MySQL currently lives in two tracks, a maintained 5.7 track and an 8.0 track with newer technology. Both are supported by WordPress and as long as the 5.7 track is maintained and updated (particularly for security threats), it’s fine to be running 5.7.34.
Oddly enough, Local (the local development environment owned by WP Engine I discussed earlier) defaults to MySQL 8.0.16. So much for consistency. Go figure.
cURL is a little disturbingly out of date as is OpenSSL, but as the previous SSL test showed, the actual SSL encryption is solid, which is what we’re really concerned about.
The bottom line is that WP Engine is on track for the core WordPress components and a little behind on supporting encryption and data transfer, but testing shows it’s not far enough behind to cause a security threat.
Next, I wanted to see how the site performed using some online performance testing tools. It’s important not to take these tests too seriously. These are just quick tests on a site with no traffic.
That said, it’s nice to have an idea of what to expect. The way I tested was to use the fresh install of WordPress with the default installed theme. I then performance test the “Hello, world” page, which is mostly text, with just an image header. That way, we’re able to focus on the responsiveness of a basic page without being too concerned about media overhead.
First, I ran two Pingdom Tools tests, one hitting the site from San Francisco and the second from Germany. Here’s the San Francisco test rating:
Then I ran the test from Germany. The results were both quite good:
Next, I ran a similar test using the Bitchatcha service:
None of the tests showed bad performance, and I found the responsiveness of the WordPress dashboard to be snappy as well.

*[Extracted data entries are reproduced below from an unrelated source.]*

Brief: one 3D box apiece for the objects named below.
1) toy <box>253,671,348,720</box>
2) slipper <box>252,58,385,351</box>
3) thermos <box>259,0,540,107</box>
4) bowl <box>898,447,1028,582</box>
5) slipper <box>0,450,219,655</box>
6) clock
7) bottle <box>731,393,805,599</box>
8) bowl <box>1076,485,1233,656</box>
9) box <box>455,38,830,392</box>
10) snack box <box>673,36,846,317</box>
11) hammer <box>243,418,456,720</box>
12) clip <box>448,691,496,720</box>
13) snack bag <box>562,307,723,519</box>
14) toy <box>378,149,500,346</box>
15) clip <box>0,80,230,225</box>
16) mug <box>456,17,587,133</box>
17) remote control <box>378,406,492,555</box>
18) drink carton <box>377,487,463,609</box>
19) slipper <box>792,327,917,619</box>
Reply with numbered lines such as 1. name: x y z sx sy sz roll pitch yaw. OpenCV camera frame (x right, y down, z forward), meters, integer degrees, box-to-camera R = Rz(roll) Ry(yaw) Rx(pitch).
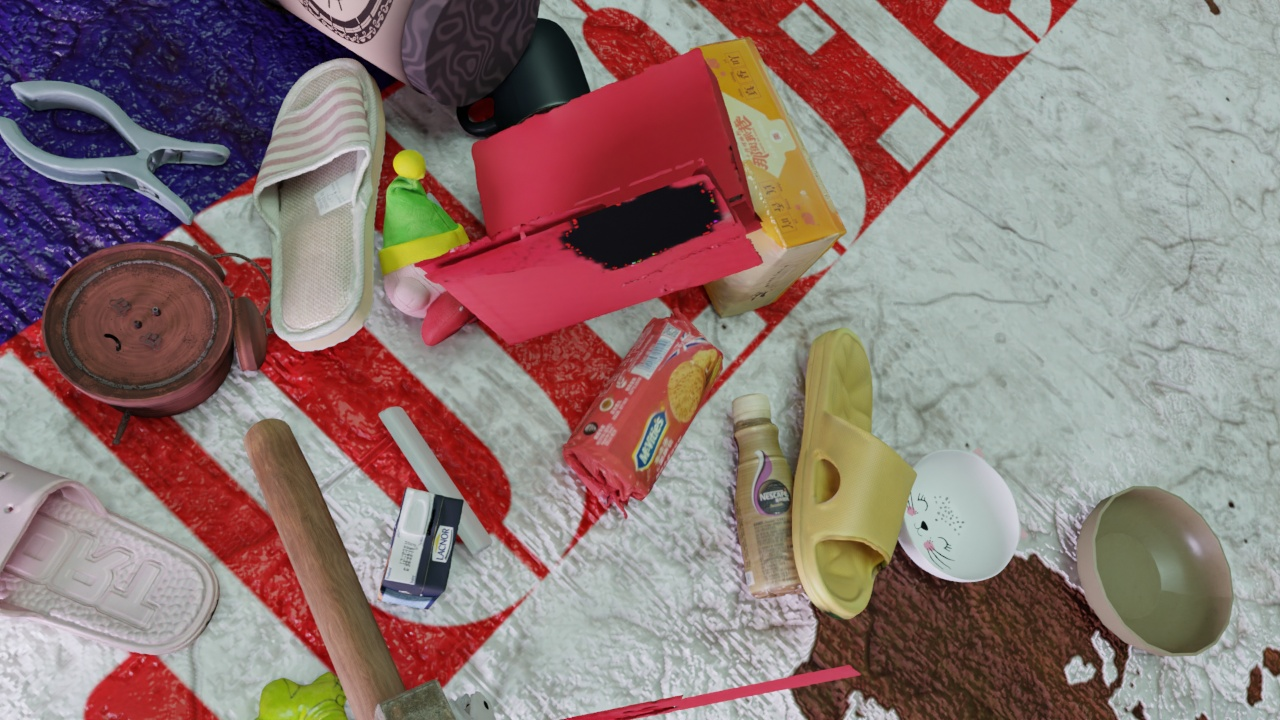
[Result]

Now, here’s the gotcha. Basic performance is fine, but we don’t have data for how the service will perform under load. Since you’re presumably buying a higher-end managed hosting service, you’re probably expecting some level of traffic.
I say this a lot in my reviews, but take advantage of the money-back time period to fully test out results for yourself. You have 60 days with WP Engine. Make sure to use them. And if you run into performance issues, reach out to the company. Managed hosting services are supposed to provide better hands-on support, so use it.
Support and money-back guarantee
The company does have 24/7/365 live chat support. I tried it out at 1am on a Sunday morning (what? I’m a night person) and found the support representative to be both knowledgeable and friendly.
WP Engine offers a 60-day money-back guarantee. Here’s a blog post that explains how to cancel the various types of service.
I got no complaints. No, seriously, I have no complaints. Other than a few component versions being out of date (but still within the system requirements for WordPress), I have nothing to ding them over.
Setup was straightforward. The hosting dashboard, while not as comprehensive as cPanel, provided all the resources a well-equipped WordPress would require. The addition of development and staging versions, along with the transferable sites provides a lot of flexibility for a 1-site plan.
SSL worked and passed my tests, and site responsiveness was good. Support was responsive, helpful, and intelligent in the middle of the night on a weekend.
If you’re looking for a super-cheap hosting offering, this isn’t it. But if you’re serious about hosting your site, you could do a lot worse than WP Engine. I don’t do star reviews, but I’d give it a four (out of five).
The only reason I wouldn’t give it a five is I’d never give a hosting provider a top rating on just a week or so of evaluation. You don’t really get to know your hosting provider until you’ve worked with them for a few years and resolved a few crisis events.
That said, if I had to move my sites to another provider, I’d definitely consider WP Engine.